Interestingly, although media stocks performed lackluster in the second quarter, funds have always been one of the main forces in the market, and their positions have also revealed to a large extent the future hot spots and the trend of the broader market. Judging from the disclosure information in the fund's second quarterly report, media stocks are the second largest industry in which the fund has increased its holdings after household appliances.
Disclosure from the fund's second quarterly report shows that the fund has newly increased its holdings of 51 media stocks in this period, accounting for 40.8% of the industry's constituent stocks, ranking second among the 28 Shenwan-level industries.

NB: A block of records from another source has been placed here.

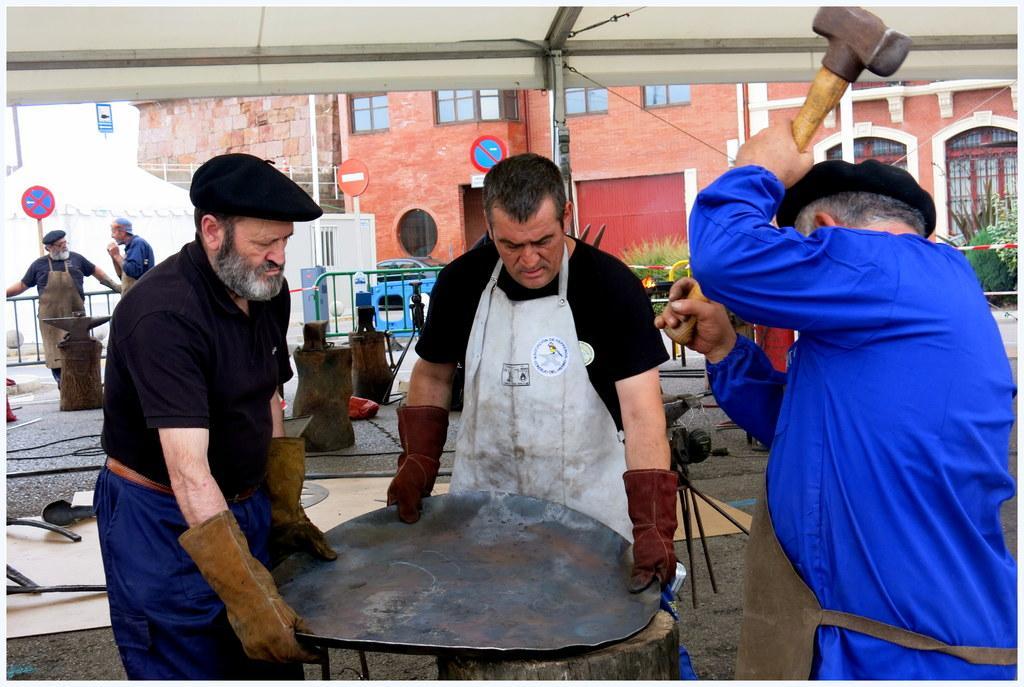How would you summarize this image in a sentence or two? In this picture on the right side, we can see a man wearing a blue color shirt and he is also holding hammer in his hands. In the middle of the image, we can see two people are standing and they are also holding metal plate on their hands. On the left side, we can also see two people are standing on the floor. In the background, we can also see a car, plants, flowers, buildings, glass window, hoardings, at the bottom, we can see some pillars, mat, electric wires. 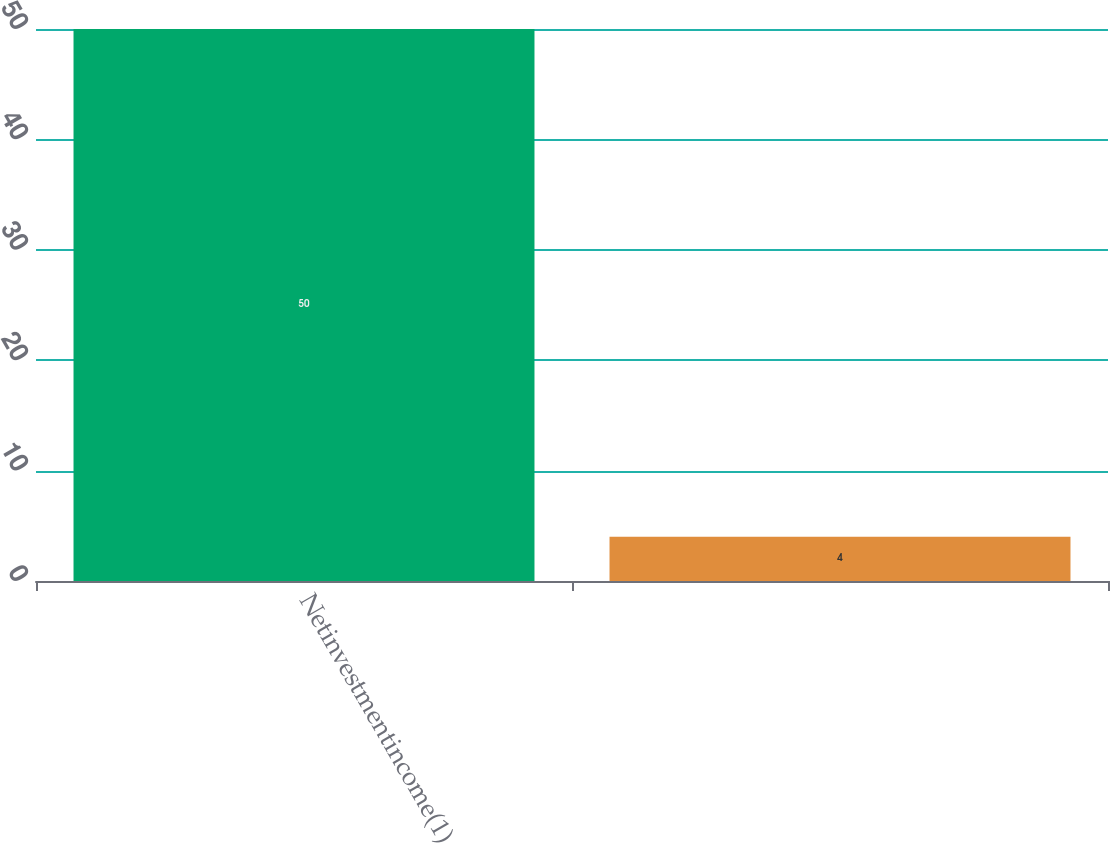Convert chart. <chart><loc_0><loc_0><loc_500><loc_500><bar_chart><fcel>Netinvestmentincome(1)<fcel>Unnamed: 1<nl><fcel>50<fcel>4<nl></chart> 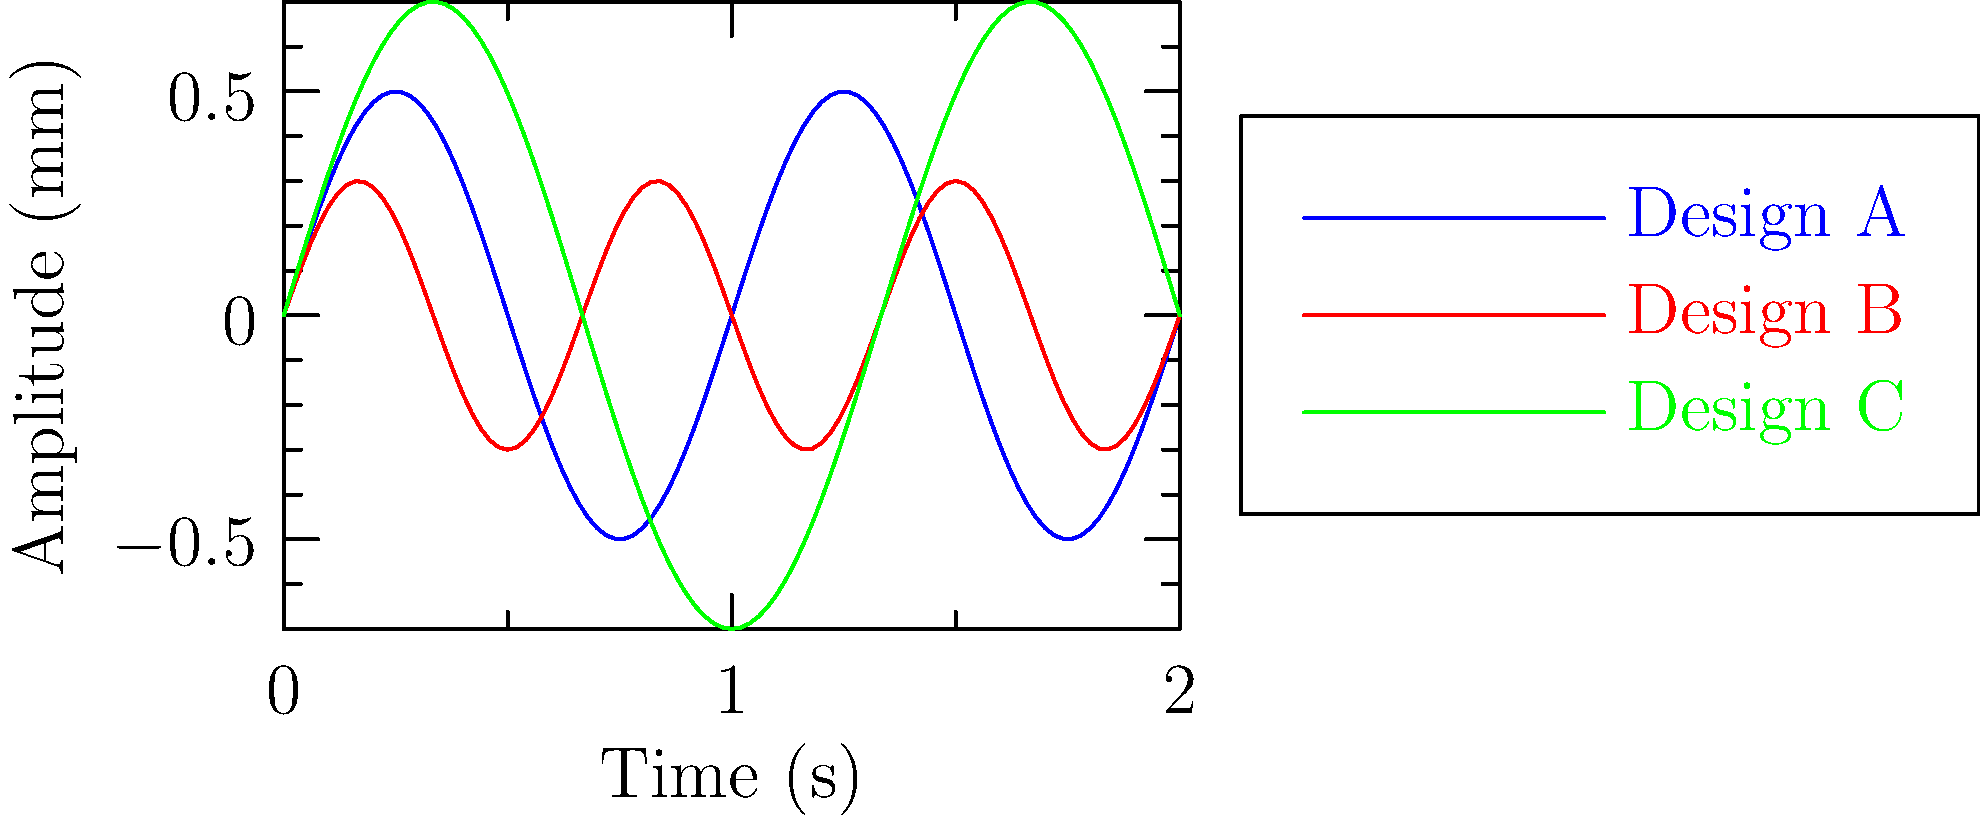A competitor has developed three new drone propeller blade designs (A, B, and C) and conducted vibration analysis tests. The graph shows the vibration patterns of each design over time. Which design is likely to have the best overall performance in terms of stability and efficiency for high-precision aerial photography drones? To determine the best design for high-precision aerial photography drones, we need to analyze the vibration patterns:

1. Amplitude: Lower amplitudes generally indicate less vibration.
   Design A: Max amplitude ≈ 0.5 mm
   Design B: Max amplitude ≈ 0.3 mm
   Design C: Max amplitude ≈ 0.7 mm

2. Frequency: Higher frequencies can be more easily dampened but may cause more wear.
   Design A: Medium frequency (2 cycles in 2 seconds)
   Design B: Highest frequency (3 cycles in 2 seconds)
   Design C: Lowest frequency (1.5 cycles in 2 seconds)

3. Stability: Consistent, predictable patterns are easier to compensate for.
   All designs show consistent sinusoidal patterns.

4. For high-precision aerial photography:
   - Lower amplitude is crucial to minimize camera shake.
   - Consistent patterns are beneficial for vibration compensation algorithms.
   - Moderate to high frequencies are preferable as they're easier to dampen.

5. Ranking the designs:
   Design B: Lowest amplitude, highest frequency, consistent pattern.
   Design A: Medium amplitude and frequency, consistent pattern.
   Design C: Highest amplitude, lowest frequency, consistent pattern.

Therefore, Design B is likely to have the best overall performance for high-precision aerial photography drones due to its low amplitude and easily dampenable high frequency.
Answer: Design B 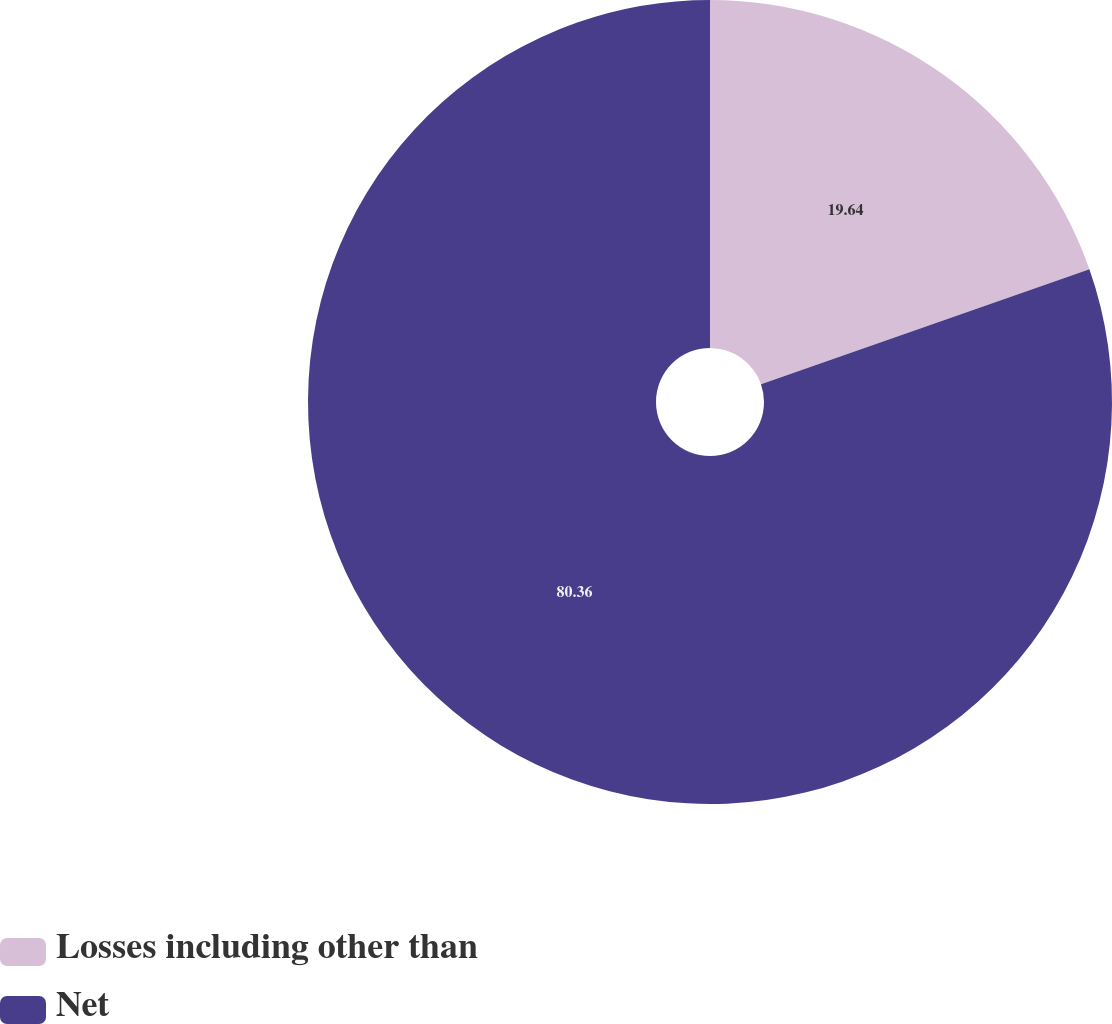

Among them, Focus Media, Leo Shares, Youzu Network, Perfect World, Oriental Pearl, Halo New Network, Sanqi Mutual Entertainment and other funds obtained in this period increased their holdings by more than 10 million shares.
Compared with the performance in the first half of the year, most of the media stocks that the fund newly increased in the second quarter performed relatively well.
The Horizon Securities Research Report shows that from a valuation perspective, the current PE (TTM) of the cultural media sector is 33.6, which continues to fall sharply from 44.9 at the end of last year and is close to the historical bottom. From a performance perspective, although the overall growth rate of the industry declined, there was still a growth rate of 41.6% in the first quarter, and the semi-annual report forecast still showed a growth rate of 28.5%, while some industry segments maintained stronger growth rates.